◆ Brief ◆
When you reach the records below, repeat each one exactly as written.

◆ Task inputs ◆

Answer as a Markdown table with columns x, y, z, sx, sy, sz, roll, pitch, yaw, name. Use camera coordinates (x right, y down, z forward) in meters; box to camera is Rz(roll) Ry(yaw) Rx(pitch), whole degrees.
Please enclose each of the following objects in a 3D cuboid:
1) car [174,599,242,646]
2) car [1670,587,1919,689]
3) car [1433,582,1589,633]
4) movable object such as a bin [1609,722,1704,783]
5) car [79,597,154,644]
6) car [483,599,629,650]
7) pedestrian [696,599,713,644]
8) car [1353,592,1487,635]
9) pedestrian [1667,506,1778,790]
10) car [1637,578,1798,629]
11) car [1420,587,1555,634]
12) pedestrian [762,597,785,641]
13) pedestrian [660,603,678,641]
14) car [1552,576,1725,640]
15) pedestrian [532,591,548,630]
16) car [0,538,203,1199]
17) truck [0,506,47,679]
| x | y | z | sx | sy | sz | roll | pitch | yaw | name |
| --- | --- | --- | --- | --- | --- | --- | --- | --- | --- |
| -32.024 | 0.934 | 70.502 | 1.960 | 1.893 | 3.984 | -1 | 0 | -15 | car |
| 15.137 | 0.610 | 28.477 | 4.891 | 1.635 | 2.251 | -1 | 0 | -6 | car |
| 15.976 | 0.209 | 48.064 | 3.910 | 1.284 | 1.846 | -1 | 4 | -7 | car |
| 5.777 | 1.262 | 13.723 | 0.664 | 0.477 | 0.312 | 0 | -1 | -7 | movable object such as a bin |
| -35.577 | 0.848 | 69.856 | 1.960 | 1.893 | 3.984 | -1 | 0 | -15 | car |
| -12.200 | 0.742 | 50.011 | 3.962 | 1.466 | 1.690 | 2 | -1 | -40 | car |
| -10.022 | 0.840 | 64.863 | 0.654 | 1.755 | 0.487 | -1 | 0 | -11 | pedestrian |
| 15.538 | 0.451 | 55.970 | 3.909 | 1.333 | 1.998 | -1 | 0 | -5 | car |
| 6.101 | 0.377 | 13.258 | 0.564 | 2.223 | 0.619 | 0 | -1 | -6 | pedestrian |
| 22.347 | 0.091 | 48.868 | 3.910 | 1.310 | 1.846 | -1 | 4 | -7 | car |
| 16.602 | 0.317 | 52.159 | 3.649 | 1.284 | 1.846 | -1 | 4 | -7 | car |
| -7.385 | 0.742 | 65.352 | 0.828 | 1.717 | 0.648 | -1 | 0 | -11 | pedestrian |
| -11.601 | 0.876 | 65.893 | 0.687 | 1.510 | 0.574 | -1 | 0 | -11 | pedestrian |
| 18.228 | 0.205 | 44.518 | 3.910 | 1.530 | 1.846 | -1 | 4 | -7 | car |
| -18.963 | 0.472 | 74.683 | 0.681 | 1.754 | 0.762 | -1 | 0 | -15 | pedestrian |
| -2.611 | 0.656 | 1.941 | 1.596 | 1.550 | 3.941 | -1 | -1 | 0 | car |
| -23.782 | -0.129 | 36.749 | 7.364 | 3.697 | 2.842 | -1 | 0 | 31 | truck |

◆ Answer section ◆
Answer as a Markdown table with columns x, y, z, sx, sy, sz, roll, pitch, yaw, name. Use camera coordinates (x right, y down, z forward) in meters; box to camera is Rz(roll) Ry(yaw) Rx(pitch), whole degrees.
Please enclose each of the following objects in a 3D cuboid:
1) car [174,599,242,646]
2) car [1670,587,1919,689]
3) car [1433,582,1589,633]
4) movable object such as a bin [1609,722,1704,783]
5) car [79,597,154,644]
6) car [483,599,629,650]
7) pedestrian [696,599,713,644]
8) car [1353,592,1487,635]
9) pedestrian [1667,506,1778,790]
10) car [1637,578,1798,629]
11) car [1420,587,1555,634]
12) pedestrian [762,597,785,641]
13) pedestrian [660,603,678,641]
14) car [1552,576,1725,640]
15) pedestrian [532,591,548,630]
16) car [0,538,203,1199]
17) truck [0,506,47,679]
| x | y | z | sx | sy | sz | roll | pitch | yaw | name |
| --- | --- | --- | --- | --- | --- | --- | --- | --- | --- |
| -32.024 | 0.934 | 70.502 | 1.960 | 1.893 | 3.984 | -1 | 0 | -15 | car |
| 15.137 | 0.610 | 28.477 | 4.891 | 1.635 | 2.251 | -1 | 0 | -6 | car |
| 15.976 | 0.209 | 48.064 | 3.910 | 1.284 | 1.846 | -1 | 4 | -7 | car |
| 5.777 | 1.262 | 13.723 | 0.664 | 0.477 | 0.312 | 0 | -1 | -7 | movable object such as a bin |
| -35.577 | 0.848 | 69.856 | 1.960 | 1.893 | 3.984 | -1 | 0 | -15 | car |
| -12.200 | 0.742 | 50.011 | 3.962 | 1.466 | 1.690 | 2 | -1 | -40 | car |
| -10.022 | 0.840 | 64.863 | 0.654 | 1.755 | 0.487 | -1 | 0 | -11 | pedestrian |
| 15.538 | 0.451 | 55.970 | 3.909 | 1.333 | 1.998 | -1 | 0 | -5 | car |
| 6.101 | 0.377 | 13.258 | 0.564 | 2.223 | 0.619 | 0 | -1 | -6 | pedestrian |
| 22.347 | 0.091 | 48.868 | 3.910 | 1.310 | 1.846 | -1 | 4 | -7 | car |
| 16.602 | 0.317 | 52.159 | 3.649 | 1.284 | 1.846 | -1 | 4 | -7 | car |
| -7.385 | 0.742 | 65.352 | 0.828 | 1.717 | 0.648 | -1 | 0 | -11 | pedestrian |
| -11.601 | 0.876 | 65.893 | 0.687 | 1.510 | 0.574 | -1 | 0 | -11 | pedestrian |
| 18.228 | 0.205 | 44.518 | 3.910 | 1.530 | 1.846 | -1 | 4 | -7 | car |
| -18.963 | 0.472 | 74.683 | 0.681 | 1.754 | 0.762 | -1 | 0 | -15 | pedestrian |
| -2.611 | 0.656 | 1.941 | 1.596 | 1.550 | 3.941 | -1 | -1 | 0 | car |
| -23.782 | -0.129 | 36.749 | 7.364 | 3.697 | 2.842 | -1 | 0 | 31 | truck |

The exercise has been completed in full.